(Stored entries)

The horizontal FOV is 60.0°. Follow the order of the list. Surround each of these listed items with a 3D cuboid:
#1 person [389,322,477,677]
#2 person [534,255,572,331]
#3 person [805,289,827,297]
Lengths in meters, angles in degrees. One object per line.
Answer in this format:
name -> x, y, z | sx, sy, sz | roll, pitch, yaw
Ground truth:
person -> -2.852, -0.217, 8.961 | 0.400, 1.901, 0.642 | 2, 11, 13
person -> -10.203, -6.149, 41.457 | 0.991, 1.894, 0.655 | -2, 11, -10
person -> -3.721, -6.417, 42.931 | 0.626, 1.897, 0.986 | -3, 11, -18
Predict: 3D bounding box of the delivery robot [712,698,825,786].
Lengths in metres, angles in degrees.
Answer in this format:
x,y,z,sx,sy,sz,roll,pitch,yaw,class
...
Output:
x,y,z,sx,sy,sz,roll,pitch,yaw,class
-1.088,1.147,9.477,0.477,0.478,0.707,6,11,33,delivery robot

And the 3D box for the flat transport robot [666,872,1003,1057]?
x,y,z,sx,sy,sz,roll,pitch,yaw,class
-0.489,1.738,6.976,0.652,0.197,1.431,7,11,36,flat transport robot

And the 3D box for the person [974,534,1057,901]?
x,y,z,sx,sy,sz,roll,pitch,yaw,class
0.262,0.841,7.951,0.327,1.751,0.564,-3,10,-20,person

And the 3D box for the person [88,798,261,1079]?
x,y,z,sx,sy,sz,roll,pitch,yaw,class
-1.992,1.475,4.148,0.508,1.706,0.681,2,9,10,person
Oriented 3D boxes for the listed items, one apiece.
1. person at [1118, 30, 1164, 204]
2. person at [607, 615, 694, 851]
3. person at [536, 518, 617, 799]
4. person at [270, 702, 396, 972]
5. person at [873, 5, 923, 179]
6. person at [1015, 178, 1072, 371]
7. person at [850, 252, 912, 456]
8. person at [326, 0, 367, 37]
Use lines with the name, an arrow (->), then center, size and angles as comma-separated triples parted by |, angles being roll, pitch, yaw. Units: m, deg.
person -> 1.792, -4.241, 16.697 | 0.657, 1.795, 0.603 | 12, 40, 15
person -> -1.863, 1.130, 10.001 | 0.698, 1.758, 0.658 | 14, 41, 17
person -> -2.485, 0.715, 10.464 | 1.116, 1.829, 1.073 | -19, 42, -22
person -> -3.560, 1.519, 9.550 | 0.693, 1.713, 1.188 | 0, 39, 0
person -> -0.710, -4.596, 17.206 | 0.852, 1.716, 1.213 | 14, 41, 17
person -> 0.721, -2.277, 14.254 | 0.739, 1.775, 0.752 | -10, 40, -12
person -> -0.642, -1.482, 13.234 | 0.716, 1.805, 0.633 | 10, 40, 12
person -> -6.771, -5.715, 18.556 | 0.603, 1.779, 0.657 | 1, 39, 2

=== About this task ===
Your answer must consist of every line above, transcribed verbatim.

=== Exercise response ===
The horizontal FOV is 60.0°. Follow the order of the list. Surround each of these listed items with a 3D cuboid:
#1 person [389,322,477,677]
#2 person [534,255,572,331]
#3 person [805,289,827,297]
Lengths in meters, angles in degrees. One object per line.
Answer in this format:
name -> x, y, z | sx, sy, sz | roll, pitch, yaw
Ground truth:
person -> -2.852, -0.217, 8.961 | 0.400, 1.901, 0.642 | 2, 11, 13
person -> -10.203, -6.149, 41.457 | 0.991, 1.894, 0.655 | -2, 11, -10
person -> -3.721, -6.417, 42.931 | 0.626, 1.897, 0.986 | -3, 11, -18
Predict: 3D bounding box of the delivery robot [712,698,825,786].
Lengths in metres, angles in degrees.
Answer in this format:
x,y,z,sx,sy,sz,roll,pitch,yaw,class
...
Output:
x,y,z,sx,sy,sz,roll,pitch,yaw,class
-1.088,1.147,9.477,0.477,0.478,0.707,6,11,33,delivery robot

And the 3D box for the flat transport robot [666,872,1003,1057]?
x,y,z,sx,sy,sz,roll,pitch,yaw,class
-0.489,1.738,6.976,0.652,0.197,1.431,7,11,36,flat transport robot

And the 3D box for the person [974,534,1057,901]?
x,y,z,sx,sy,sz,roll,pitch,yaw,class
0.262,0.841,7.951,0.327,1.751,0.564,-3,10,-20,person

And the 3D box for the person [88,798,261,1079]?
x,y,z,sx,sy,sz,roll,pitch,yaw,class
-1.992,1.475,4.148,0.508,1.706,0.681,2,9,10,person
Oriented 3D boxes for the listed items, one apiece.
1. person at [1118, 30, 1164, 204]
2. person at [607, 615, 694, 851]
3. person at [536, 518, 617, 799]
4. person at [270, 702, 396, 972]
5. person at [873, 5, 923, 179]
6. person at [1015, 178, 1072, 371]
7. person at [850, 252, 912, 456]
8. person at [326, 0, 367, 37]
Use lines with the name, an arrow (->), then center, size and angles as comma-separated triples parted by |, angles being roll, pitch, yaw. Units: m, deg.
person -> 1.792, -4.241, 16.697 | 0.657, 1.795, 0.603 | 12, 40, 15
person -> -1.863, 1.130, 10.001 | 0.698, 1.758, 0.658 | 14, 41, 17
person -> -2.485, 0.715, 10.464 | 1.116, 1.829, 1.073 | -19, 42, -22
person -> -3.560, 1.519, 9.550 | 0.693, 1.713, 1.188 | 0, 39, 0
person -> -0.710, -4.596, 17.206 | 0.852, 1.716, 1.213 | 14, 41, 17
person -> 0.721, -2.277, 14.254 | 0.739, 1.775, 0.752 | -10, 40, -12
person -> -0.642, -1.482, 13.234 | 0.716, 1.805, 0.633 | 10, 40, 12
person -> -6.771, -5.715, 18.556 | 0.603, 1.779, 0.657 | 1, 39, 2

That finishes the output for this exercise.